Now i will just say im not having a go at women in particular, most of my friends are girls and i respect them a lot. But on plenty of fish they always say drop me a line if you want to talk or fi you want to know more, they promise a reply when they can, but you drop them a line or leave them a message, and then nothing! I've messaged a few girls who i thought sounded quite friendly and nice to chat to. But I've only had one reply. I am aware people can't be on all the time, but most of the girls I've messaged have been on but they have not given me the courtesy or politeness to reply. Even a simple "Thank you for your message but im not interested." Would at least be polite.

It appears to me that most girls on there who are looking for long term are acting like stuck up hypocrites because of this.

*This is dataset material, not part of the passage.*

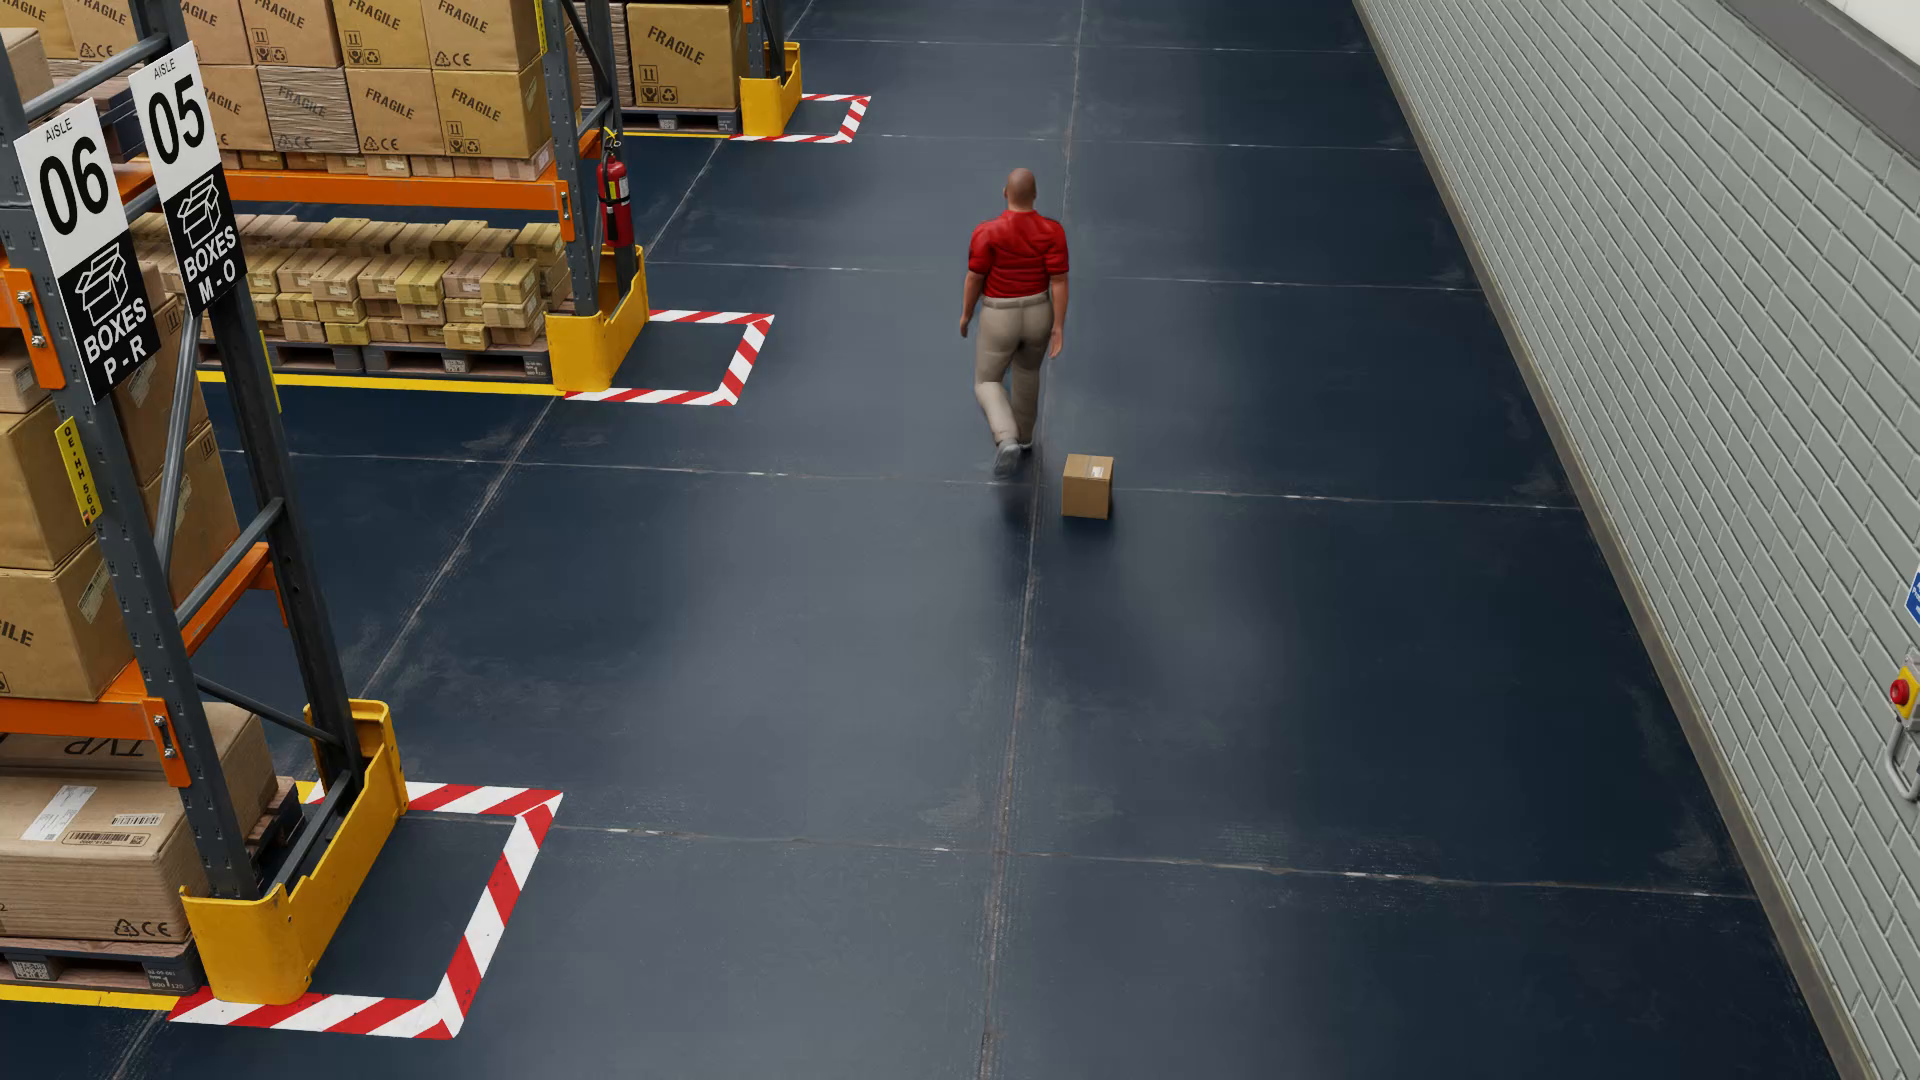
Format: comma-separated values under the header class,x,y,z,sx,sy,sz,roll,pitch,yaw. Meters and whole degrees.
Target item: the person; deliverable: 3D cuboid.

They get a message form someone like me who's tried to be nice and they just let it rot in the inbox. Why do they have to such b*****s about dating? Are they trying to hurt my feelings, are they just scared or are they just generally ignorant? Im really confused.



Having had such distressing communication with men on dating sites, I might be able to give a bit of perspective on your issues, Topher. By far and away the most typical response I get from men is hostility when their 'trying to be nice' is responded to and I have to let them know I am not interested. Matter of fact, I can almost guarantee that some guy that sends me a 'nice' note will turn hostile almost immediately if I actually exchange emails with him and I have to let him know I am not interested.
I can see that you have already turned hostile ("b*****s about dating" 'trying to hurt my feelings' 'scared or just generally ignorant') and they didn't have to respond at all. Just remember, if they DID answer you and then decide you are not their soul mate, your complaints would be the same, you would just leave out the part that they did not respond, you would be complaining that they 'led you on!' if they did try to get to know you before they stopped replying or told you you were not 'the one'.

I have no doubt you are wanting women to 'take you as you are.' You are not realizing that this is the response you get.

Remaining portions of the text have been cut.